2.3 The political economy of the Gulf rentier state

The third leg of the review comes from an older and better established field: the political economy of the oil producing Gulf states. The founding concept is the rentier state, formulated by Hazem Beblawi and Giacomo Luciani (Beblawi & Luciani, 1987), studying precisely these monarchies: a state that does not live off taxes collected from its citizens, but off external income (oil sold to the rest of the world), which inverts the classic social contract. In the liberal democratic model, the citizen pays tax and demands representation; in the rentier state, the government collects little and, in exchange, the citizen demands little, with loyalty bought at the source through public employment, subsidies, and free or cheap services.

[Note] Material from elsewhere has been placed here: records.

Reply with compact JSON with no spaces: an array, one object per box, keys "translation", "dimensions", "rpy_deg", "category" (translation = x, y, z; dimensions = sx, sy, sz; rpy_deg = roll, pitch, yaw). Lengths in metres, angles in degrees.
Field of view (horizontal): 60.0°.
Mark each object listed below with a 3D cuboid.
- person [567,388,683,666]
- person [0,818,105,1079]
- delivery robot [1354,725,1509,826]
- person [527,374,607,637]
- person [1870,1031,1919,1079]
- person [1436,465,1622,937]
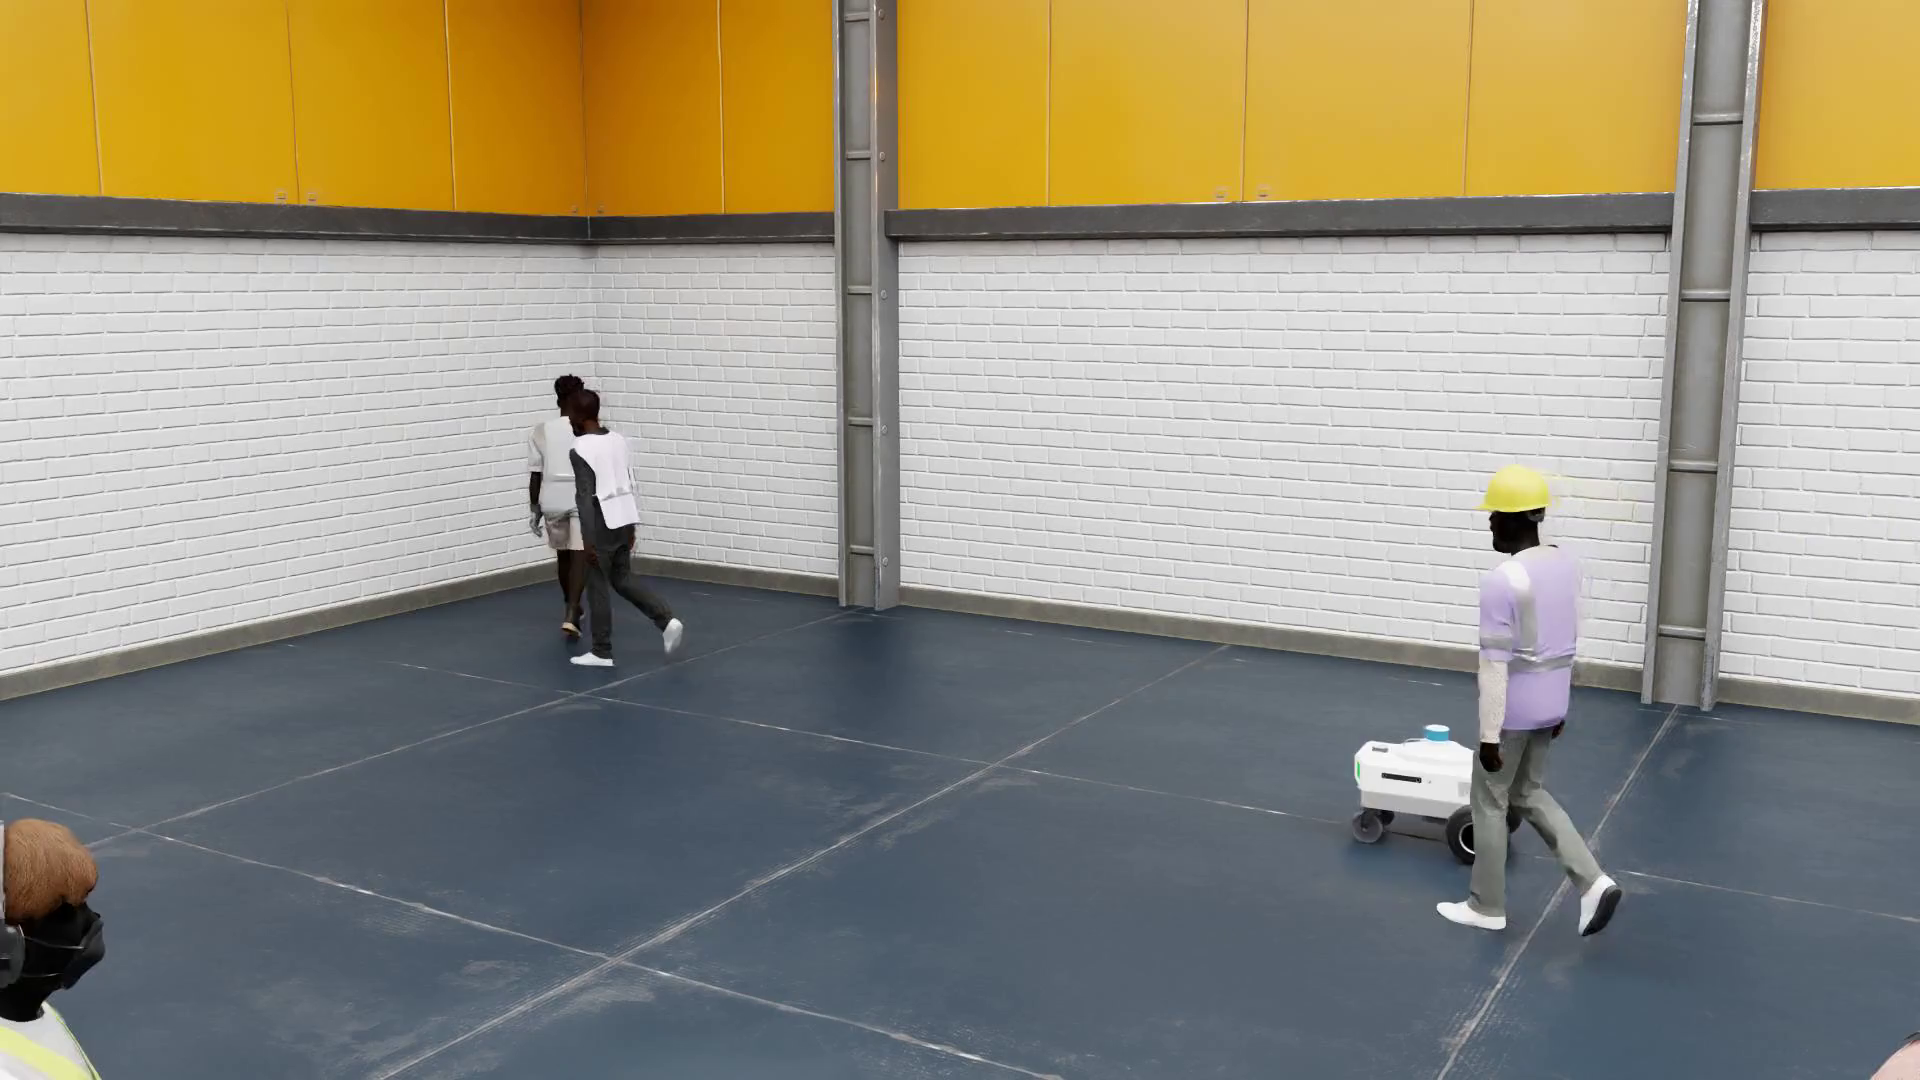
[{"translation":[-2.287,-0.070,11.135],"dimensions":[0.670,1.894,0.616],"rpy_deg":[3,10,17],"category":"person"},{"translation":[-1.466,1.328,2.603],"dimensions":[0.434,1.833,0.627],"rpy_deg":[-6,11,-33],"category":"person"},{"translation":[2.196,1.100,7.689],"dimensions":[0.707,0.478,0.477],"rpy_deg":[4,10,26],"category":"delivery robot"},{"translation":[-2.870,-0.266,12.258],"dimensions":[0.614,1.922,0.989],"rpy_deg":[0,9,-1],"category":"person"},{"translation":[1.542,1.306,2.497],"dimensions":[0.643,1.905,0.399],"rpy_deg":[-3,10,-20],"category":"person"},{"translation":[2.240,0.657,6.518],"dimensions":[0.593,1.909,0.635],"rpy_deg":[-7,11,-36],"category":"person"}]

The arrangement is stable as long as the income keeps coming in; if it dries up, the pact cracks.

Steffen Hertog (2010), in Princes, Brokers, and Bureaucrats, detailed how the Saudi state apparatus specifically distributes this income through a network of intermediaries tied to the royal family, an institutional design that helps explain why sports investment is carried out by a small, overlapping network of individuals (the same sovereign fund governor appears as chairman of a football club in England and as a central figure in multiple other assets), rather than by a market of independent investors. Matthew Gray (2011) updated the concept for the 21st century with the idea of late rentierism: Gulf states that, aware that the oil era has an expiration date, use current income to actively build new sources of income and legitimacy before the old one runs out, instead of simply redistributing passively as in the classic 1970s model. It is this late, active, anticipatory rentierism that supplies this paper's theoretical framework: investment in sport is not a vanity expense of a regime with money to spare, it is a calculated bet on income and legitimacy diversification, with the Saudi demographic clock (most of the population born after the start of the abundant oil era) as background pressure.

One piece is still missing: how state money connects specifically to sports sponsorship, beyond the direct purchase of clubs. Krzyzaniak (2016) examined shirt and naming sponsorship as a soft power vehicle distinct from full ownership, an argument relevant to the Saudi case because much of the investment (Aramco in Formula 1 and FIFA, Sela at Newcastle, NEOM at McLaren) takes exactly this contractual form, cheaper and more reversible than outright acquisition of an asset. Peterson (2006), studying Qatar more than a decade before the peak of Qatari investment in sport, had already described the general "branding" mechanism that Gulf micro-states use to convert wealth into international recognition, anticipating the vocabulary that the soft power and mega-events literature would later consolidate. The most recent piece of the debate, a 2024 article by Grix, Brannagan et al. treating sports mega-events as a simultaneous instrument of diplomacy, soft power, and sportswashing, sums up the state of the art: the three concepts (sports diplomacy, soft power, and sportswashing) describe overlapping but distinct phenomena, and the literature still lacks a consistent criterion for deciding which one carries more weight in any given concrete case (Grix & Brannagan, 2024). It is precisely that criterion, applied to a concrete case with original data, that sections 3 through 7 of this paper try to supply.